Isolated DC-DC converters are used in various applications such as power systems, renewable energy solutions, automotive, aerospace, and communication power supplies [1], due to their attractive characteristics like high efficiency, power density, and reliability, and are particularly important for powering 28 V DC, which is a standard power supply for many electrical and electronic components [2].
Over decades of development, silicon-based power devices have seen remarkable performance improvements, approaching the intrinsic material limits of silicon. However, their performance has plateaued [3], leaving traditional silicon-based power converters unable to meet the emerging demands of consumer electronics, and other advanced applications. Third-generation semiconductor materials, such as gallium nitride (GaN), have garnered significant attention for their wide bandgap and high critical breakdown field strength. GaN transistors, characterized by low parasitic parameters, low on-resistance, and reduced switching losses [4,5,6,7], offer significant advantages in enhancing switching frequency, efficiency, and power density, making them well-suited for new application scenarios in power conversion [8,9,10,11,12].
High-frequency power conversion circuits are available in various configurations, including flyback, forward, push-pull, half-bridge, and full-bridge topologies [13]. Among these, full-bridge converters stand out for their ability to enable bidirectional transformer magnetization, resulting in more efficient core utilization [14]. Compared to flyback, forward, and push-pull circuits, full-bridge converters require power switches with lower voltage ratings [15,16]. In contrast to half-bridge converters, full-bridge designs eliminate the need for a capacitor bridge arm, while halving the current through each switch for a given power level [17,18,19]. This simplifies circuit design and improves reliability. For these reasons, this work adopts the full-bridge converter as the preferred power topology.
This paper presents a hard-switching full-bridge converter with synchronous rectification, where GaN transistors are utilized to replace conventional silicon-based power devices for both the primary-side power switches and the secondary-side synchronous rectifiers. The system achieves an efficiency of up to 97.1% at an output power of 1176 W. The proposed converter offers several advantages, including reduced size, improved efficiency, lower ripple, and enhanced dynamic response. It effectively meets the power supply requirements [20,21,22,23,24,25], which demand high output power and superior conversion efficiency.

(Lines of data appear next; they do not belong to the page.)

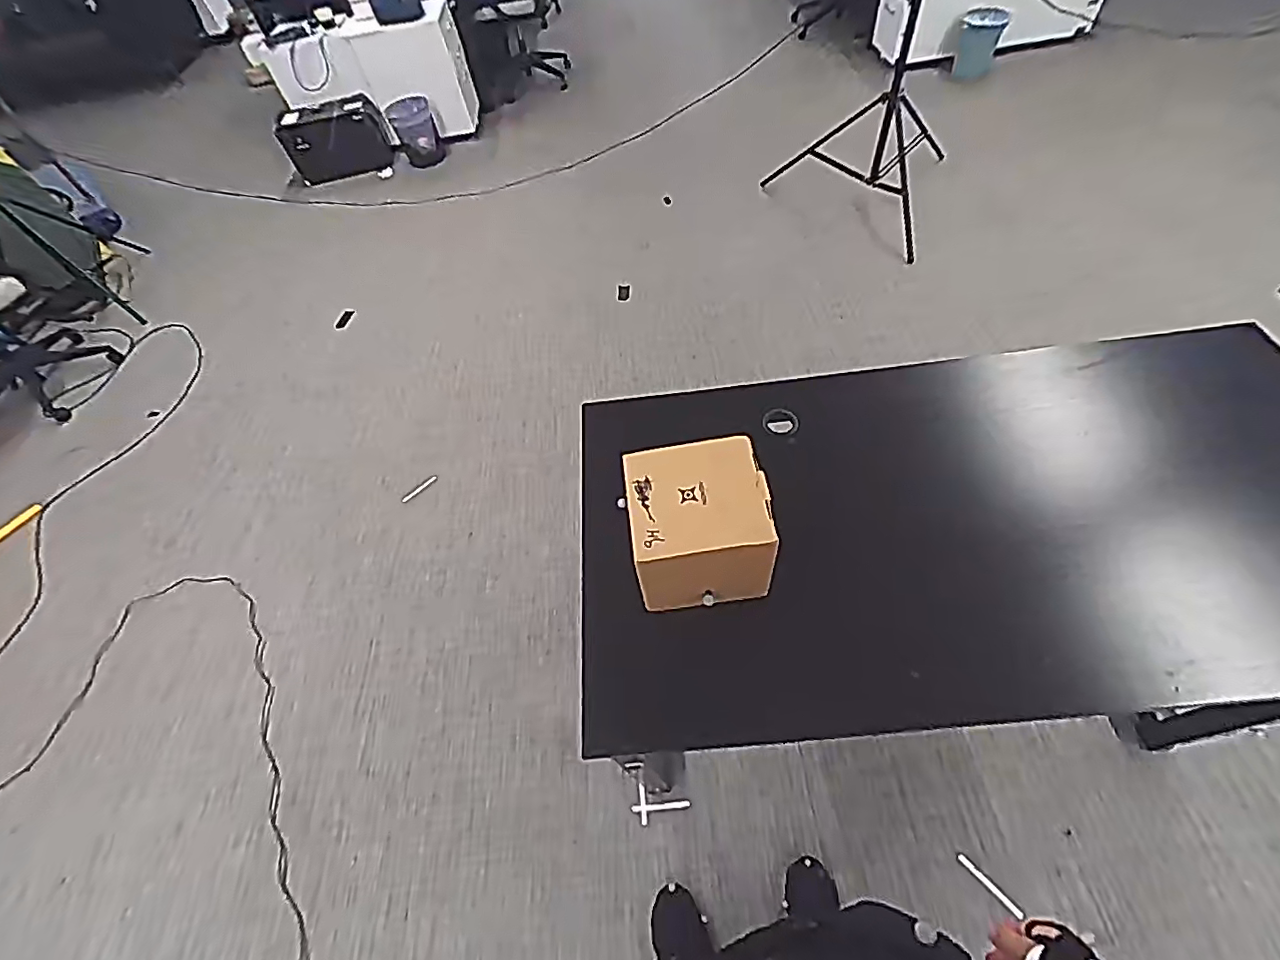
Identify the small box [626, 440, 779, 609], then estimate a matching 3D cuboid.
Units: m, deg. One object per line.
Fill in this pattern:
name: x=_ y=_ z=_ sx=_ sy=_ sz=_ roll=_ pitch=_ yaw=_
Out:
small box: x=0.079 y=0.066 z=0.757 sx=0.179 sy=0.176 sz=0.168 roll=-8 pitch=55 yaw=1

2. Circuit Structure and Operating Principle of the Converter

2.1. Proposed Circuit Structure

The schematic of the proposed hard-switching full-bridge DC/DC converter with synchronous rectification is illustrated in Figure 1. The primary side comprises two bridge arms, with each arm constructed using two GaN transistors. The primary winding (NP) of the high-frequency transformer is connected between the midpoints of the two bridge arms.
Figure 1. Schematic diagram of the proposed hard-switching full-bridge converter.
On the secondary side, GaN transistors SR1 and SR2 are employed as synchronous rectifiers, replacing conventional diodes. Due to the significantly lower on-resistance of GaN transistors compared to the forward voltage drop of diodes, the use of synchronous rectification technology effectively reduces conduction losses and enhances the efficiency of the converter. Additionally, the reduced thermal stress on the components contributes to improved reliability and facilitates the miniaturization of the power supply [26].
The output filter, composed of an inductance LO and a capacitance CO, forms a low-pass filtering network that smooths the output voltage and ensures stable DC delivery. All switches S1 to S4 on the primary side, as well as the synchronous rectifiers SR1 and SR2 on the secondary side, are implemented using GaN transistors. Compared to silicon-based MOSFETs, GaN transistors offer significantly lower on-resistance and reduced parasitic parameters at equivalent voltage ratings. This enables lower driving, conduction, and switching losses. Furthermore, the absence of reverse recovery losses in GaN transistors contributes to enhanced overall efficiency. The parameters of the proposed converter are listed in Table 1.
Table 1. Parameters of the proposed converter.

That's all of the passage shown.